Show me every line in the listing that has the word "degrees".

□ □ □ □

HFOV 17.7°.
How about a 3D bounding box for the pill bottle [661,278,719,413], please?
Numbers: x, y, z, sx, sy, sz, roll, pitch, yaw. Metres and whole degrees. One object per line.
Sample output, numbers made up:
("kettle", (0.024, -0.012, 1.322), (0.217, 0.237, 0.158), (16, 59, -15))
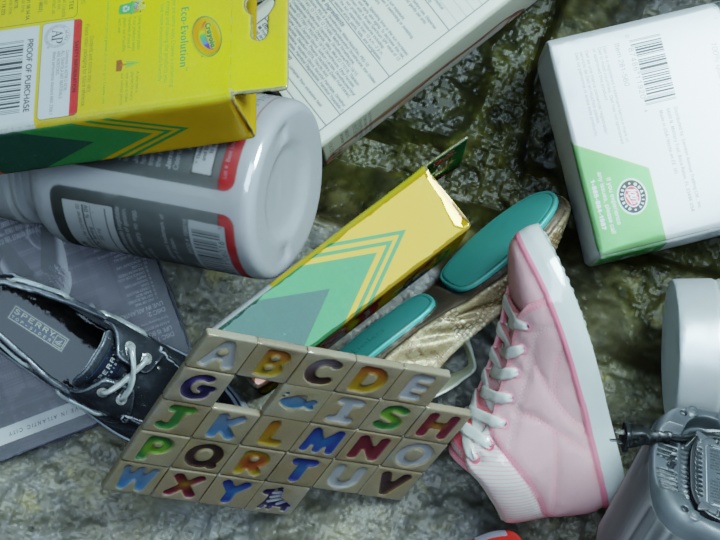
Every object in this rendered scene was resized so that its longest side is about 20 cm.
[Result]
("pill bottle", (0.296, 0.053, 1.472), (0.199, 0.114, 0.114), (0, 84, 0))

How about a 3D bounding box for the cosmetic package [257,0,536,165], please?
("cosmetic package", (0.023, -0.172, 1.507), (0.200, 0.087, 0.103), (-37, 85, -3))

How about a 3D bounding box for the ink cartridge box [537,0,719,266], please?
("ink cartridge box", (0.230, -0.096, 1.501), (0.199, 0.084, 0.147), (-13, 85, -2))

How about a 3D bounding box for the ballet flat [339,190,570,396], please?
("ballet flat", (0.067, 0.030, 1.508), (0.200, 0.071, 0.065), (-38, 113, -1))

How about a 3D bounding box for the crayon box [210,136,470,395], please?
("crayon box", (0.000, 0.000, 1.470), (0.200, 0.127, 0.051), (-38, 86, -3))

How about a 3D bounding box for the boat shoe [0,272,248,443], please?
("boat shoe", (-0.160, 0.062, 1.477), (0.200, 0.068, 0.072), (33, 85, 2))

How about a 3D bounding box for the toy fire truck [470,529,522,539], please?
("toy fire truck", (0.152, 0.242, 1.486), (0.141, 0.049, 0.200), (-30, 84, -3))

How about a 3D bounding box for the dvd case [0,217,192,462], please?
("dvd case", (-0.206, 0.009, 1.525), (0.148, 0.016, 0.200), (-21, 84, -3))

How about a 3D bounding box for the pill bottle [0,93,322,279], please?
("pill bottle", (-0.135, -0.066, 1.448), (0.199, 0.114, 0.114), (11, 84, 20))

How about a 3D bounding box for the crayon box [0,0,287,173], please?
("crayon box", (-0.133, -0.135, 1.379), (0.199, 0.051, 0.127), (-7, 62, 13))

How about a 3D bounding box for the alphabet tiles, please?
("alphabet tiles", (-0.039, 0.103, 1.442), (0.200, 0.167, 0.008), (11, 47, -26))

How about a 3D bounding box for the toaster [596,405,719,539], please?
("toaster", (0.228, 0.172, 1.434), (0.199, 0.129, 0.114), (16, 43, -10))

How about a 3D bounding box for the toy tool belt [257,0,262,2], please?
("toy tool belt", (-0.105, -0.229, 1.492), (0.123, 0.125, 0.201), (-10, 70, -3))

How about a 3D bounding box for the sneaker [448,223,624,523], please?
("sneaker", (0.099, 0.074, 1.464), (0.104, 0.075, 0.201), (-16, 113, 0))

□ □ □ □

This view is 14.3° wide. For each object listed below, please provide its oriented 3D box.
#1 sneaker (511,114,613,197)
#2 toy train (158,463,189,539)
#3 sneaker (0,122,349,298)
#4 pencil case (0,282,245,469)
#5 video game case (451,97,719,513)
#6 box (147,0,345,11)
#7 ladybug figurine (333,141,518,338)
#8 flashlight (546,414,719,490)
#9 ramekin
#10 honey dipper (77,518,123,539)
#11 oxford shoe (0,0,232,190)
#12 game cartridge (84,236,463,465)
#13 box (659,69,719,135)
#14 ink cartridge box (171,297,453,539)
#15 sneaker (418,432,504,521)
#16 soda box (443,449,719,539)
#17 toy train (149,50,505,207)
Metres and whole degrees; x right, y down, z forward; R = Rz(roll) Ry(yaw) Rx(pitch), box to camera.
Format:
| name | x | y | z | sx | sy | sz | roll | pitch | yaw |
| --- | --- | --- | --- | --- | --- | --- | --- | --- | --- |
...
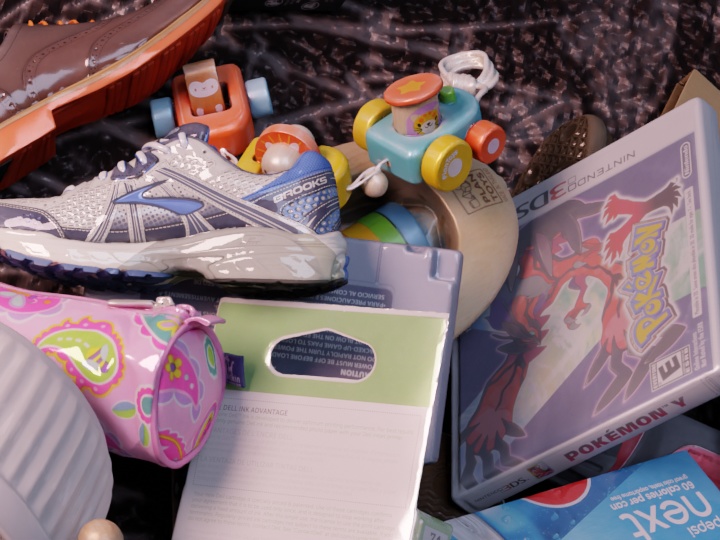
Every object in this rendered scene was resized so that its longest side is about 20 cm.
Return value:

□ □ □ □

# Your response
Numbers: x, y, z, sx, sy, sz, roll, pitch, yaw. Metres and whole degrees. One object per line.
Metres and whole degrees; x right, y down, z forward; R = Rz(roll) Ry(yaw) Rx(pitch), box to camera.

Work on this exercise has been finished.